Kebetulan sore itu Galih, kawan lama Misbah yang seorang Kristen dan berprofesi sebagai kurir paket, bertandang ke rumah Misbah, mengantarkan paket pesanannya. Karena paket Misbah adalah paket terakhir yang harus dia antar, maka Misbah pun meminta agar Galih nggak segera pulang. Sekadar buat ngobrol ngalur-ngidul seputar hidup yang udah mereka lalui. Sampai akhirnya, tanpa disangka, Galih justru memancing obrolan ke tema yang sangat sensitif; fenomena mabuk agama yang terjadi di kalangan umat Islam negeri ini.

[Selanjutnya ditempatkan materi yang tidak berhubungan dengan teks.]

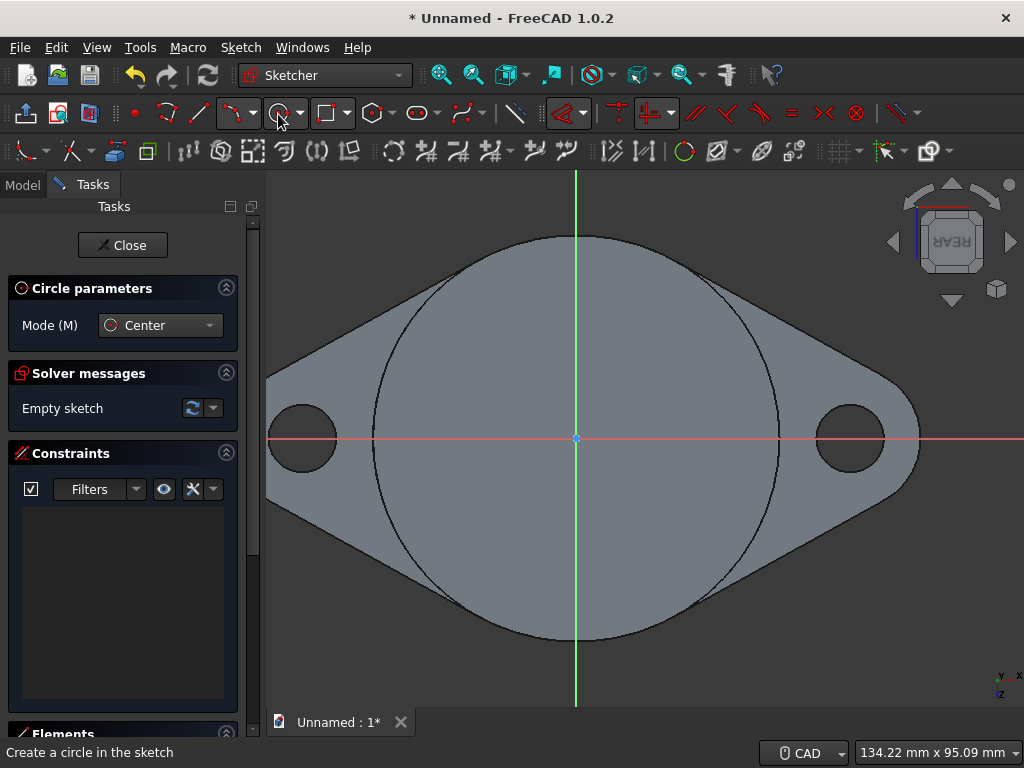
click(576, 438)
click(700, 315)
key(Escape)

“Landasan hukum umat Islam kayaknya sekarang ketambahan satu, ya? Semula, kan, ada empat; Al-Quran, Hadis, Ijma, sama Qiyas. Nah, sekarang ketambahan satu lagi, yaitu cocokologi. Ilmu othak-athik gathuk.” Seloroh Galih
“Wah, bercanda ya bercanda tho, Lih. Tapi mbok ya jangan ngejek agama saya gitu.” Respon Misbah sedikit tersinggung.
“Loh, saya nggak ngejek, Mis. Gini, kamu udah lihat yang viral terbaru belum? Masak iya klepon dibilang jajanan nggak islami. Waneh banget og kaummu itu,” Galih nggak bisa menahan tawa pas berkata demikian. Sementara wajah Misbah tampak memerah.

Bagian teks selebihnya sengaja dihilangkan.